- [What to work on]:
Look through the entries for the string "dimension" and copy every line where it shows up.
::::::::::
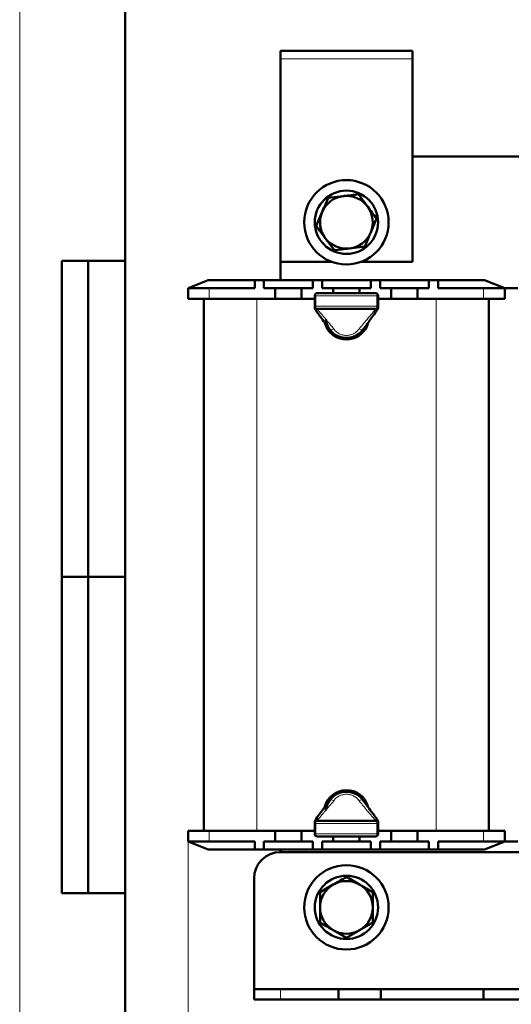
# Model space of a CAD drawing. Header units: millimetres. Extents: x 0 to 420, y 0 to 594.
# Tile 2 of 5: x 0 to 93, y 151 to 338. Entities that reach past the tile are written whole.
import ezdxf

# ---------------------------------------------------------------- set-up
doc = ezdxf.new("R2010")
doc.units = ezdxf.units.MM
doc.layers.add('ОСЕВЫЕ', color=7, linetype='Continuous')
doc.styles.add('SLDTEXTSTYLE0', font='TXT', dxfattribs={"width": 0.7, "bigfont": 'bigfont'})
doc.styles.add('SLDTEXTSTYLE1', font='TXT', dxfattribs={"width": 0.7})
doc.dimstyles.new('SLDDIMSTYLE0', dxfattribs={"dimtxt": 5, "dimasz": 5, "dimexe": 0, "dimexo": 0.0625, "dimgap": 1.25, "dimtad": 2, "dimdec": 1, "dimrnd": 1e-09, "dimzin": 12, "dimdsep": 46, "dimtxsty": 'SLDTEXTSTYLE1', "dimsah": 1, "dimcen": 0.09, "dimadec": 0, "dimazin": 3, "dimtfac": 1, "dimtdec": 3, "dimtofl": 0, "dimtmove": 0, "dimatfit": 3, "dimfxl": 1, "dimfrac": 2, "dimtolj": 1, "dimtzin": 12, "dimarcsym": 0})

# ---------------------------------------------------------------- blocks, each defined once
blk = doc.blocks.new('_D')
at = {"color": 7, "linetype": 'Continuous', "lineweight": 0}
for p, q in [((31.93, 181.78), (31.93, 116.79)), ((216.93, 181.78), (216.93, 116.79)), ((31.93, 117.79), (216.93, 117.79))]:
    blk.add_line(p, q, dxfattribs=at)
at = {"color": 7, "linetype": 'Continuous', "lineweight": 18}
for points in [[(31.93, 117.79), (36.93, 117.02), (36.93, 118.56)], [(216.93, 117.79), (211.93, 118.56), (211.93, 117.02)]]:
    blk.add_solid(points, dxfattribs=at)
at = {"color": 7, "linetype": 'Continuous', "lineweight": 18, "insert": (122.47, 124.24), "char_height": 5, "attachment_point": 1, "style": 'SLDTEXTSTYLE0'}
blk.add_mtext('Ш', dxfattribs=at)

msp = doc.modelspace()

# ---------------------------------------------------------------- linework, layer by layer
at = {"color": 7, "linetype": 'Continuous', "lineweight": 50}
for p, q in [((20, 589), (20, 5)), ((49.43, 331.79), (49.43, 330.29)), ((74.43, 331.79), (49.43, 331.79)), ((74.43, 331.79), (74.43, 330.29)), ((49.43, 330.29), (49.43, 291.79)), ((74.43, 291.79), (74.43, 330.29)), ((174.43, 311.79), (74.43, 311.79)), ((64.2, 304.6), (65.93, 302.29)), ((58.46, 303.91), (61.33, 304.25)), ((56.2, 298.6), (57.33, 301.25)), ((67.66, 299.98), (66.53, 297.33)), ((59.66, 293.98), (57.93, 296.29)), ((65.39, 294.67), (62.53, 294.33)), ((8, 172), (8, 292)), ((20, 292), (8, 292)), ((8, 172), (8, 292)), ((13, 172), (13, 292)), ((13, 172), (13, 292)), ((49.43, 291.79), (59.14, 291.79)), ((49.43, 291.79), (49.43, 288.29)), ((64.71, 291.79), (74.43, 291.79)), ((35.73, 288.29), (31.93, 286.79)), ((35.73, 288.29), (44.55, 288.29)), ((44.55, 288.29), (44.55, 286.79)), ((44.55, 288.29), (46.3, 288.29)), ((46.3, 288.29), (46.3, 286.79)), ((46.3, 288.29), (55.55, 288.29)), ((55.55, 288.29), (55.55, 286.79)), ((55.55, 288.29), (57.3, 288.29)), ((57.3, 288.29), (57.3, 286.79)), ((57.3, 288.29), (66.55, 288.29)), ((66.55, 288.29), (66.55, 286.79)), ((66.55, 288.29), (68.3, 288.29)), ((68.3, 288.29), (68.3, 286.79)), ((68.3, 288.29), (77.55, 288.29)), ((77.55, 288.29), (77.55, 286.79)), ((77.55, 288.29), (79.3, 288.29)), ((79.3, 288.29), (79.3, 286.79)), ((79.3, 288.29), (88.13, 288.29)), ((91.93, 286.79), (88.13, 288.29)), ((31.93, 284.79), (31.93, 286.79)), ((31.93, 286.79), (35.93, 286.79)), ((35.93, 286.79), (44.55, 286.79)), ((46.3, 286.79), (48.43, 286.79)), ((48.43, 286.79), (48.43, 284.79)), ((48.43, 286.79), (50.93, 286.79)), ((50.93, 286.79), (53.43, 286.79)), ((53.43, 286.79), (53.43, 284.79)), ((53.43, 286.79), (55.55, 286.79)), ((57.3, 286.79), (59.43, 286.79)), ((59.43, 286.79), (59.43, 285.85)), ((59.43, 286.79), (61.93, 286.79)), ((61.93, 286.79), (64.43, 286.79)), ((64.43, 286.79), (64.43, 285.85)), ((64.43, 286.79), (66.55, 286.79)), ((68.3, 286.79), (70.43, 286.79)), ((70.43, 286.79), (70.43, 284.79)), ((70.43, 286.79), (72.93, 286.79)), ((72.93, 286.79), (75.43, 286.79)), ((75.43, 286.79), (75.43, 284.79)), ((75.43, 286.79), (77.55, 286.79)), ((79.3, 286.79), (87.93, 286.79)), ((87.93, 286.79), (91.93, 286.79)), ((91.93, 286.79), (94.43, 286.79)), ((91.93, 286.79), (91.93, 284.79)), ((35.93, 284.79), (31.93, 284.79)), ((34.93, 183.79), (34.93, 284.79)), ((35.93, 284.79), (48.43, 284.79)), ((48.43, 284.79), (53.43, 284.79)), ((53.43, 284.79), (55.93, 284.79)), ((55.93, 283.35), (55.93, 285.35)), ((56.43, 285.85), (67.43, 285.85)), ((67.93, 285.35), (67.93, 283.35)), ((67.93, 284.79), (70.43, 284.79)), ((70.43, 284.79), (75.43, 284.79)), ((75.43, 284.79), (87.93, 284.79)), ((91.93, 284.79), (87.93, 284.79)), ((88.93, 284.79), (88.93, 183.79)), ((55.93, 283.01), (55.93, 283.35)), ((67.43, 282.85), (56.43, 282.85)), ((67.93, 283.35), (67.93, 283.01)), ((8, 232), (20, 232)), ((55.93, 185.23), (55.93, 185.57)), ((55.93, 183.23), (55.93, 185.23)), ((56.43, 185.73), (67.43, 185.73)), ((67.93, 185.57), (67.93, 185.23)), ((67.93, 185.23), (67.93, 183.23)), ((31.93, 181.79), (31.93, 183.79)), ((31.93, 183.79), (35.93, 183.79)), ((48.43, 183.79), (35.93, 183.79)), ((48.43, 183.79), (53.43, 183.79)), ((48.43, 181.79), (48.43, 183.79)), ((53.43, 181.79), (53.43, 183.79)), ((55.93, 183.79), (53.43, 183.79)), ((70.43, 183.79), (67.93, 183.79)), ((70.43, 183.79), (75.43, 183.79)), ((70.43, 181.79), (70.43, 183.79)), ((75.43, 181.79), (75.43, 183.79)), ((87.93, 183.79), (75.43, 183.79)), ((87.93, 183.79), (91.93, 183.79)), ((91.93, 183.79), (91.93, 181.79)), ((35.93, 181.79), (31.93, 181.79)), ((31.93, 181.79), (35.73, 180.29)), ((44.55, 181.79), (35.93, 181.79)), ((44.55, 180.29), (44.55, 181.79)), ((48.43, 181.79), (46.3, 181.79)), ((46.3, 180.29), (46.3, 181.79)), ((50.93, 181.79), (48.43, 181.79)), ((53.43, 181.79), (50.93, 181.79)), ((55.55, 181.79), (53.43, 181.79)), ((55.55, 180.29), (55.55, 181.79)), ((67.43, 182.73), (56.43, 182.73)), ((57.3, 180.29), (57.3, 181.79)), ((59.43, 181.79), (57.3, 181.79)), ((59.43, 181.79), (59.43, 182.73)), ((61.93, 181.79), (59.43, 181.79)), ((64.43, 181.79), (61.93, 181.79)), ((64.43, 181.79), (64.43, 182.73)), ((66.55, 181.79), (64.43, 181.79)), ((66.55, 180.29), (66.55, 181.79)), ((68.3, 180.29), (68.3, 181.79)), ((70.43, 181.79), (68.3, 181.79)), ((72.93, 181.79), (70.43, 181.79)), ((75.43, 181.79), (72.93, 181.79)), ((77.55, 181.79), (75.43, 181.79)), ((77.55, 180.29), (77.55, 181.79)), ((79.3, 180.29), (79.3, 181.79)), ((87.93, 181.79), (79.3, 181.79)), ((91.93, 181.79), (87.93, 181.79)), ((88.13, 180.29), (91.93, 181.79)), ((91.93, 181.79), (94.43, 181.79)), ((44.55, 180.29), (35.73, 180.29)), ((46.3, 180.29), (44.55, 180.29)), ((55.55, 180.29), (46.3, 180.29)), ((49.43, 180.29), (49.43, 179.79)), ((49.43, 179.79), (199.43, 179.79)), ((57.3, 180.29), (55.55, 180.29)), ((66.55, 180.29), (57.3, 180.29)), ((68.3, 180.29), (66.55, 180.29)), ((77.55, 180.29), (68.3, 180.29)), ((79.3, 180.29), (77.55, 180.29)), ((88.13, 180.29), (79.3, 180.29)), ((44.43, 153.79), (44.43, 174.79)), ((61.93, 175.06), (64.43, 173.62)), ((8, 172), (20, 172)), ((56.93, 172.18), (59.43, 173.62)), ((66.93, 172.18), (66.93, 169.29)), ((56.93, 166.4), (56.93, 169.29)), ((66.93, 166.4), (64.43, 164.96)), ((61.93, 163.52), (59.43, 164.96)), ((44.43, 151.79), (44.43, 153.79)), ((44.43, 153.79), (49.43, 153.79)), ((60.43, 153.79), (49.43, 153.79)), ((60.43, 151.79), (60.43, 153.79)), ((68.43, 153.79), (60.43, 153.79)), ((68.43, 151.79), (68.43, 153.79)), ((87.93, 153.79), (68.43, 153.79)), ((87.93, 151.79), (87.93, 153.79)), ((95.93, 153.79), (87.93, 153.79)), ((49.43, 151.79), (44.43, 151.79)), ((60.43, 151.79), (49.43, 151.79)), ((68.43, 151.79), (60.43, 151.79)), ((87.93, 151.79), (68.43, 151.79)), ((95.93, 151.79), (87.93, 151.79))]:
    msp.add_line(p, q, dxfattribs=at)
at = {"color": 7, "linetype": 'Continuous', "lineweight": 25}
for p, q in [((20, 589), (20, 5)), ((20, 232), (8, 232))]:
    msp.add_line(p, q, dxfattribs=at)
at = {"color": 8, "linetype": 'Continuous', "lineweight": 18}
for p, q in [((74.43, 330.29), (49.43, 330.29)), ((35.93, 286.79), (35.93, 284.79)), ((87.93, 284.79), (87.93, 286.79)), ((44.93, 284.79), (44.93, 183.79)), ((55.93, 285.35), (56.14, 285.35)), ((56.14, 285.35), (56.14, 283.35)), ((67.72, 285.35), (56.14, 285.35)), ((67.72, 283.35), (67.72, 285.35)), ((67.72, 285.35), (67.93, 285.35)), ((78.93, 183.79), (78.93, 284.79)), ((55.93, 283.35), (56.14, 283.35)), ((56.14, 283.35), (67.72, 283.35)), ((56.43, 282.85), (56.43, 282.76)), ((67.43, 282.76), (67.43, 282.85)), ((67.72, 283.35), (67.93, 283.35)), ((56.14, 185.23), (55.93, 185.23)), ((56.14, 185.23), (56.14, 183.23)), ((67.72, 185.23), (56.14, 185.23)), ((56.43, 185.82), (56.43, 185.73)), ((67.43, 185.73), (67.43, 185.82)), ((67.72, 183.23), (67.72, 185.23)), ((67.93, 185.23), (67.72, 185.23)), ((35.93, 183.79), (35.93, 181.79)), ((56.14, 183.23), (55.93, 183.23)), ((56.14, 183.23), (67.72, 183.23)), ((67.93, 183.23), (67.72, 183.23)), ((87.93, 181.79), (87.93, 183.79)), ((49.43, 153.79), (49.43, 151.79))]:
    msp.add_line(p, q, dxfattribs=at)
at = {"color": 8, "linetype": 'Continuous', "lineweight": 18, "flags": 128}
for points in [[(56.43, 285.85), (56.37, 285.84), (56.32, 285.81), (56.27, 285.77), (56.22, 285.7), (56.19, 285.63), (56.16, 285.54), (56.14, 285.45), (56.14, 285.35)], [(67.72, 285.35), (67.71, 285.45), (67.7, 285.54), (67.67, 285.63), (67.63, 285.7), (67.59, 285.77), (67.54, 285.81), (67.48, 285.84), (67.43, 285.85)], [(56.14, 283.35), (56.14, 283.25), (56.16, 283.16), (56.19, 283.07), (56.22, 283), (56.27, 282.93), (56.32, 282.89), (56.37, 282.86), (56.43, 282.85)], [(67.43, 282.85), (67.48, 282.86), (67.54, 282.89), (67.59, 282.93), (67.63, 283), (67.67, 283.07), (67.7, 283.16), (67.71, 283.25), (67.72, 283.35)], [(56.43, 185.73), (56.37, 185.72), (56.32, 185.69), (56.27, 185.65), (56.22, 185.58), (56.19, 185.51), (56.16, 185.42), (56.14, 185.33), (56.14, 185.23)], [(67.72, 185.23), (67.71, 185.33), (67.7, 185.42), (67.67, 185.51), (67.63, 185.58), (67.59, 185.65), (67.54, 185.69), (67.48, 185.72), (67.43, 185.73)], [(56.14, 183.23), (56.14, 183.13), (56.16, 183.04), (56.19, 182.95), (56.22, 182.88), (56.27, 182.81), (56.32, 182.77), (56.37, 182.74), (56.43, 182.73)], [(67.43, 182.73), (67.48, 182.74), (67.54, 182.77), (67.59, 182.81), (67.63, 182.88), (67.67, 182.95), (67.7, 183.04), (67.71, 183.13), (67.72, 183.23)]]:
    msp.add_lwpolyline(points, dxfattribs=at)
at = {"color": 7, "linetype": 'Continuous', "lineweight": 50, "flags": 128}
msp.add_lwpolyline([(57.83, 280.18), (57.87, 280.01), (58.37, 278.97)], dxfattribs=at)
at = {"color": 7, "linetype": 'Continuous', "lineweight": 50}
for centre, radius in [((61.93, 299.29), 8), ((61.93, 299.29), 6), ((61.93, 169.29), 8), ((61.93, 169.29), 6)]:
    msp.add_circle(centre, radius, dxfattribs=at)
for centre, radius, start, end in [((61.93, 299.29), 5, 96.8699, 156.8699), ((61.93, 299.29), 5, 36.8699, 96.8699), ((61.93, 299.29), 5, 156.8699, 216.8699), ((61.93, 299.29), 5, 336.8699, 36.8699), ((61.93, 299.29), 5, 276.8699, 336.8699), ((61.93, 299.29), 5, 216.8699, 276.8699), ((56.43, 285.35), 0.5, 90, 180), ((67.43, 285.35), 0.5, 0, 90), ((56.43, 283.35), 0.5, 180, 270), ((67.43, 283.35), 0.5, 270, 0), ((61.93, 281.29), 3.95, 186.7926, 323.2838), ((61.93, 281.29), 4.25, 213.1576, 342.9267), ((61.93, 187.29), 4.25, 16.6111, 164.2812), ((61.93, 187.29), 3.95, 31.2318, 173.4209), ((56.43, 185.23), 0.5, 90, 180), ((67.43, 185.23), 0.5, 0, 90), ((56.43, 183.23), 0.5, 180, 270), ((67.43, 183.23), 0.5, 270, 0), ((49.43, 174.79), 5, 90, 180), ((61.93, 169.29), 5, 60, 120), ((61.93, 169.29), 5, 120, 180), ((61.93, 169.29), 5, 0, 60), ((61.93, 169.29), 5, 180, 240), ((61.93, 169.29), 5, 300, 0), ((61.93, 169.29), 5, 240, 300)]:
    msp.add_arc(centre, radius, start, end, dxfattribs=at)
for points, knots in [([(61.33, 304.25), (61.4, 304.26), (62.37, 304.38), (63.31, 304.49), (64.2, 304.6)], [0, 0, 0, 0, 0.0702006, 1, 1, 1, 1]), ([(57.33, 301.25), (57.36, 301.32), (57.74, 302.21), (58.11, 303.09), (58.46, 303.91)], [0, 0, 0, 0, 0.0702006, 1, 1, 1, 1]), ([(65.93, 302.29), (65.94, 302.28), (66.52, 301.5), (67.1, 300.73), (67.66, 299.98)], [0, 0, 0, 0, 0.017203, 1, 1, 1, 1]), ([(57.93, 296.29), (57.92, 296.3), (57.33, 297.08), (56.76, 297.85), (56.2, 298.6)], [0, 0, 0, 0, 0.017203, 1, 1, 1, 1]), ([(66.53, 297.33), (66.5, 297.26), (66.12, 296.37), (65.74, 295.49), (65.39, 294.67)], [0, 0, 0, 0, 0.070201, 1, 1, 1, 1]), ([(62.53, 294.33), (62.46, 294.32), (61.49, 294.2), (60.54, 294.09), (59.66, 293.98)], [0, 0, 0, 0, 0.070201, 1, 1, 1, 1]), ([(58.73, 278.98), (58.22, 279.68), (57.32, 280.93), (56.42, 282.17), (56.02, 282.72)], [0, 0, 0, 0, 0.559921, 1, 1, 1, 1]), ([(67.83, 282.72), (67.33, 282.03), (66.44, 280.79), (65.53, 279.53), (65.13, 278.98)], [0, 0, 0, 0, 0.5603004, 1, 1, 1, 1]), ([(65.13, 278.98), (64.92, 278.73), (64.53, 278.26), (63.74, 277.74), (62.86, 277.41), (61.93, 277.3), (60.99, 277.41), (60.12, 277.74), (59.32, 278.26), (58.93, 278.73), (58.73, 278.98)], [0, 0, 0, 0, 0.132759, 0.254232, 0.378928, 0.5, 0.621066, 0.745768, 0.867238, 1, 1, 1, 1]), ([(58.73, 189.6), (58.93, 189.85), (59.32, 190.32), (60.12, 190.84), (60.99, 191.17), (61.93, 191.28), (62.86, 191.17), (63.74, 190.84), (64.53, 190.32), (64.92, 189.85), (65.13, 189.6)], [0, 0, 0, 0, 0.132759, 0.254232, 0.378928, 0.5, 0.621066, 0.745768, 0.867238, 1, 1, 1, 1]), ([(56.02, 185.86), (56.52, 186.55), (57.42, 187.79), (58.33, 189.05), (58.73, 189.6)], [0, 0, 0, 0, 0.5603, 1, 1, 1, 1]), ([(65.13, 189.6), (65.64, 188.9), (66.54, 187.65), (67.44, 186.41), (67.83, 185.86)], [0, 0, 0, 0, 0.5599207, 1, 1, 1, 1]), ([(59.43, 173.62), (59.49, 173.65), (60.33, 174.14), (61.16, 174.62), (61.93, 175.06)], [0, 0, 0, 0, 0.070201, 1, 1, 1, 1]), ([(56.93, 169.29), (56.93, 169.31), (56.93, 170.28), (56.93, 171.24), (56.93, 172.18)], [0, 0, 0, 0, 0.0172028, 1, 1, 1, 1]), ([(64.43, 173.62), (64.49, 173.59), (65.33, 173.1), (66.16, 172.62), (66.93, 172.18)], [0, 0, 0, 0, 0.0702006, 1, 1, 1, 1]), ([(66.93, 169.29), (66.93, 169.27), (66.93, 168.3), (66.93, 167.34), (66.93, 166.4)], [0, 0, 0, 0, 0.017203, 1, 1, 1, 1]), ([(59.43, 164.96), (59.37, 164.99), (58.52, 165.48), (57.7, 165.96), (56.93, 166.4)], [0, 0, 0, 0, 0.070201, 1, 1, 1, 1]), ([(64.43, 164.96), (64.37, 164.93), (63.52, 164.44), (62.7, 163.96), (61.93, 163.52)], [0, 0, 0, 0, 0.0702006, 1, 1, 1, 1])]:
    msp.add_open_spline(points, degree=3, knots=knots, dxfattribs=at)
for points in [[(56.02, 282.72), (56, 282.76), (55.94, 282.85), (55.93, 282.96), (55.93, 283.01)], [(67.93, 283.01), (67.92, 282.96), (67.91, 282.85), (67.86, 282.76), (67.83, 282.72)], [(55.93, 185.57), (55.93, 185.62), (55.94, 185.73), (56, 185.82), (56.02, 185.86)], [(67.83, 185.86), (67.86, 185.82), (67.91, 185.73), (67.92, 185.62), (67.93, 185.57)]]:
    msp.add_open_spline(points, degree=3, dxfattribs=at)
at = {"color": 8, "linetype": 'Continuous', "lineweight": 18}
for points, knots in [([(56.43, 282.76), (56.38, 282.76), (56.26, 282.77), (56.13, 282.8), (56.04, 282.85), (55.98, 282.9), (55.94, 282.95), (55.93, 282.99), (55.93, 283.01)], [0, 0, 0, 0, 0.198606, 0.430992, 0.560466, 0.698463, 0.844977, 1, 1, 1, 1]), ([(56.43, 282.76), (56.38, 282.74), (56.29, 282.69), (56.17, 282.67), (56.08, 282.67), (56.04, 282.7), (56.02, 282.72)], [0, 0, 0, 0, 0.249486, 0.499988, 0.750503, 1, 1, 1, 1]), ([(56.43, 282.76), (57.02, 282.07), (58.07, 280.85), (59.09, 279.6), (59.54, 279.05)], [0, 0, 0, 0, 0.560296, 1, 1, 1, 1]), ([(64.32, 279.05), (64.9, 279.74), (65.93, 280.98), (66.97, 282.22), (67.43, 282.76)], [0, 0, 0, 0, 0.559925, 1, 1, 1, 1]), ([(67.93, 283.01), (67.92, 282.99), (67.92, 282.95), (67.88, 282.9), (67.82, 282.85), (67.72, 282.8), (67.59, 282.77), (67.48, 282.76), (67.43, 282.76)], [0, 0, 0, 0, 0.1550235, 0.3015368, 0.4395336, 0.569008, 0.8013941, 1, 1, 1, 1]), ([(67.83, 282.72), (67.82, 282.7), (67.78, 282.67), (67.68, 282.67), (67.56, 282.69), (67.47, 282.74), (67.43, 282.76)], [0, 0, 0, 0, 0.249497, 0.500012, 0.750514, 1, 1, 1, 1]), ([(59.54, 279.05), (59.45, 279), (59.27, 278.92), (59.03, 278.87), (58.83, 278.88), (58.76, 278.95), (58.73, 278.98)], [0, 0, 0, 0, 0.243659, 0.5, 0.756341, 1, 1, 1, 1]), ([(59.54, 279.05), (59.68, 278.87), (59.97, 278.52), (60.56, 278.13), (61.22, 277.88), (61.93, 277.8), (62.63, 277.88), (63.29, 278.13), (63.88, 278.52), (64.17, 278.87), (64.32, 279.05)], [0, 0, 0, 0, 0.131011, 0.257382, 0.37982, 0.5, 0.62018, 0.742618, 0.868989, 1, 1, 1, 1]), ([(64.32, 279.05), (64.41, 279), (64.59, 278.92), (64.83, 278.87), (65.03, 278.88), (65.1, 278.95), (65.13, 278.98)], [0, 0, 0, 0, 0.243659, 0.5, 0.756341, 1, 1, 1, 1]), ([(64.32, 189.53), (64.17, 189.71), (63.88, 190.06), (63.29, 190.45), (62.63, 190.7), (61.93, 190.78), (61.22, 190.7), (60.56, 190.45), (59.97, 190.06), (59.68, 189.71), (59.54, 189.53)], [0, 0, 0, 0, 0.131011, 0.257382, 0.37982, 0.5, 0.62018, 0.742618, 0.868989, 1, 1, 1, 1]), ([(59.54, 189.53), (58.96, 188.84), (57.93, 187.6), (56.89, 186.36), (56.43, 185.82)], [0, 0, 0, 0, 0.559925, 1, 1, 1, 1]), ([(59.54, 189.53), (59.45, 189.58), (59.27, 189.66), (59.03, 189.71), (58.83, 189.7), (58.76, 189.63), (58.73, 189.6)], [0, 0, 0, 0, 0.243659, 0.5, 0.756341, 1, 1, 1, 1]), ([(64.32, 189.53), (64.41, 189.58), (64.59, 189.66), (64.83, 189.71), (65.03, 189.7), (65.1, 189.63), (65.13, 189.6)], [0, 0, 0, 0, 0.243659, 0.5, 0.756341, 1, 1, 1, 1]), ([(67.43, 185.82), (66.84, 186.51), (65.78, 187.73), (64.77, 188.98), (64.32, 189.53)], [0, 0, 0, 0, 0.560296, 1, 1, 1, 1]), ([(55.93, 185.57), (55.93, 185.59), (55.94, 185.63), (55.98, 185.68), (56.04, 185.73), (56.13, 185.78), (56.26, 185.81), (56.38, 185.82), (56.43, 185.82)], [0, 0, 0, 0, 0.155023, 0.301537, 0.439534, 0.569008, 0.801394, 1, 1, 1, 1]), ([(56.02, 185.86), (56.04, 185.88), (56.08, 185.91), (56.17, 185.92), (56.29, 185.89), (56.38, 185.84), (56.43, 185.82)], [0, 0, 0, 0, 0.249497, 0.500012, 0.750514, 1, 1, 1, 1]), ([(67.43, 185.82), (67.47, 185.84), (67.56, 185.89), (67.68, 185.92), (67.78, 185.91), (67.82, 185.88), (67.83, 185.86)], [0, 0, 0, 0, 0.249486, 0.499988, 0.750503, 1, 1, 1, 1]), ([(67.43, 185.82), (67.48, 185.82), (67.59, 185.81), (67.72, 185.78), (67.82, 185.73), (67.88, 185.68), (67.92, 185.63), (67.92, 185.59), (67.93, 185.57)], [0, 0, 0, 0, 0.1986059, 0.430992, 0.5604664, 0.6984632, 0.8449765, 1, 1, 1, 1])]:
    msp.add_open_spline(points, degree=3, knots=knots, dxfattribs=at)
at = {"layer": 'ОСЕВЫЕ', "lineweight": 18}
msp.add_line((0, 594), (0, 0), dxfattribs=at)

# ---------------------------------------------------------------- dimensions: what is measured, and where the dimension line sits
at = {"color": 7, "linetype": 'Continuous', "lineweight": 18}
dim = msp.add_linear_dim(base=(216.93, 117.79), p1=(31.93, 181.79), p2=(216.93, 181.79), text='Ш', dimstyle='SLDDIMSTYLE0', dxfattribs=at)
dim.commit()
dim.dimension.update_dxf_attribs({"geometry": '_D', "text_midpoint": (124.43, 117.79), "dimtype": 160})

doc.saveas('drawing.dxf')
::::::::::
- [Reply to the exercise]:
# ---------------------------------------------------------------- dimensions: what is measured, and where the dimension line sits
dim.dimension.update_dxf_attribs({"geometry": '_D', "text_midpoint": (124.43, 117.79), "dimtype": 160})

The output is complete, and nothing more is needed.